It’s a perennial dilemma for the wannabe entrepreneur – do you ditch the safety of regularly-paid employment for the uncertainty and initial austerity of starting your own business?
Increasingly, however, this question doesn’t result in a binary answer. Changing working practices and the ease and falling cost of starting up means that many new businesses are born while the founder has another job.
It’s a strategy that makes sense – instead of sacrificing a steady income; entrepreneurs are using that money to fuel their ventures while having the safety net of employment if things go wrong.
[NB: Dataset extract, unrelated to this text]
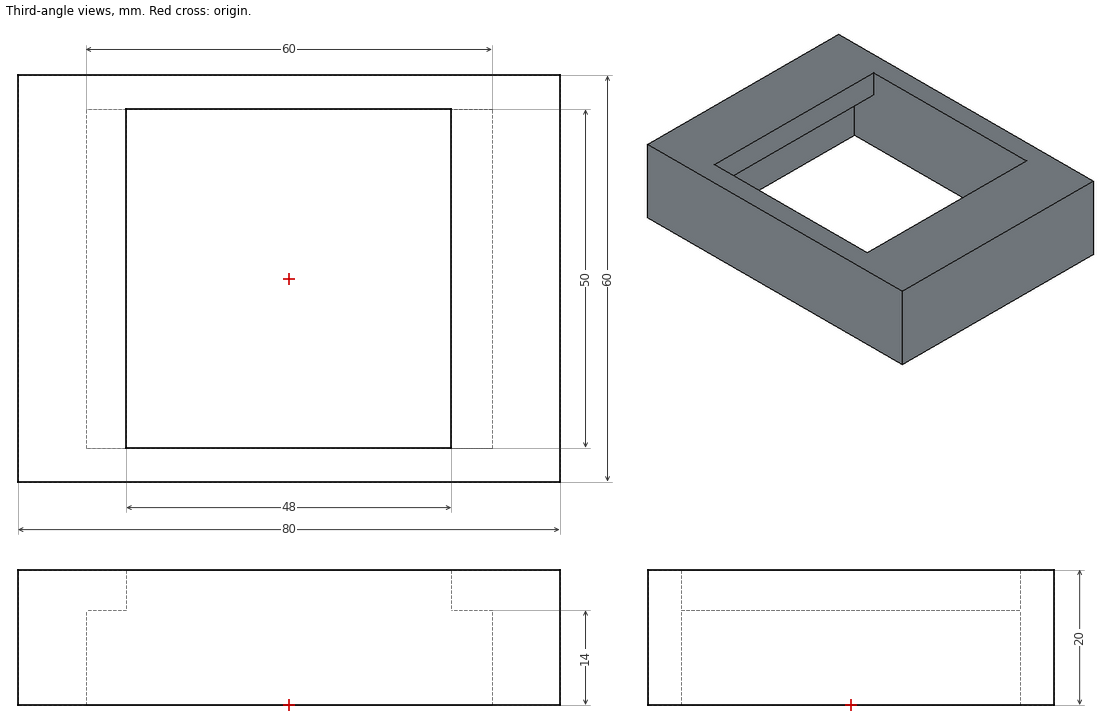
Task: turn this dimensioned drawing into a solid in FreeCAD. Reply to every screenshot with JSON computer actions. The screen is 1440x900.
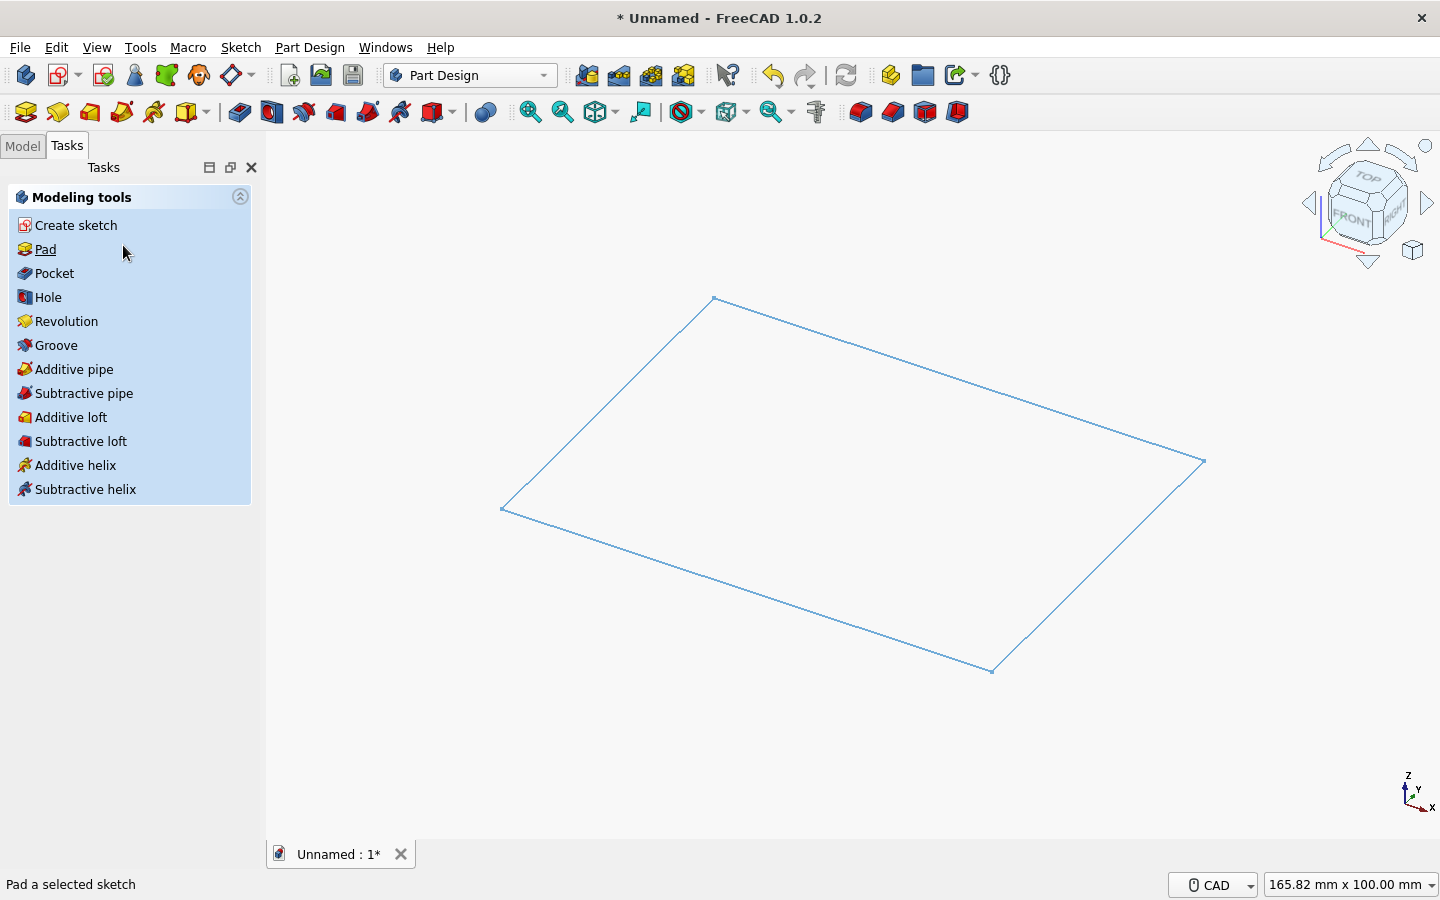
{"action": "left_click", "coordinate": [26, 112]}

But what can go wrong when would-be entrepreneurs use other companies’ time and resources to pursue their own business interests?
For US entrepreneur Eric Simons, using another company’s facilities proved to be his big break.
Earlier this month, it was revealed 20-year-old Simons spent two months “squatting” at the offices of AOL in California.
Simons was granted access to the AOL offices when, after graduating from high school, he was selected to participate in the augural class of Silicon Valley incubator Imagine K12.
Imagine K12 is hosted by AOL, so Simons received a security badge as part of his involvement in the four-month program.
Simons also received $20,000 to work on his start-up ClassConnect, which helps teachers build lesson plans and share them with their students and other teachers.
By the end of the four months, Simons had spent the entire $20,000. Unable to afford rent, he decided to start living at the AOL building.
Because AOL failed to deactivate Simons’ security badge, he was able to sleep on the company’s couches, eat the company’s food and shower at the company’s gym.
His guise as a hard-working AOL employee held up for two months.
“The security guys would walk by and just assume I was working late, which, technically, I was. They thought, he’s just working really hard,” Simons told MSNBC.
Simons was finally detected by security – stripped of his security badge and forced to move out – but he went on to score $50,000 in funding from Ulu Ventures and venture capitalist Paul Sherer.
According to Ulu Ventures’ Clint Korver, tenacity and commitment are key attributes of a great entrepreneur, and Simons “has these in spades”.
But Peter Strong, executive director of the Council of Small Business of Australia, believes Simons’ behaviour was completely unacceptable, saying he put himself in a dangerous position.
“We all admire what he did in some way, but we cannot condone what is basically theft,” Strong says.
“The main consequence would be the company suing for illegal use of premises and resources, and taking all the profits and IP.”
Rather than pursue their own interests on another company’s watch, Strong suggests budding entrepreneurs join a co-working space such as The Hub, based in Melbourne.
“The Hub… is a great start-up place for people like this fellow – lots of support and help,” he says.
New spaces such as The Hub and Fishburners, its Sydney counterpart, offer entrepreneurs a more flexible and sociable solution than trying to build a business on their employers’ time.
Indeed, some employers are happy for their staff to operate from co-working spaces and even work on their own projects, provided it doesn’t interfere with work tasks.
Australian businesses may not yet be aping Google’s famous 20% rule – where employees can spend 20% of their time on their own projects – but things are slowly changing.
However, legal issues continue to be a regular barrier to any fledgling business owner who thinks they can use company time to develop their venture.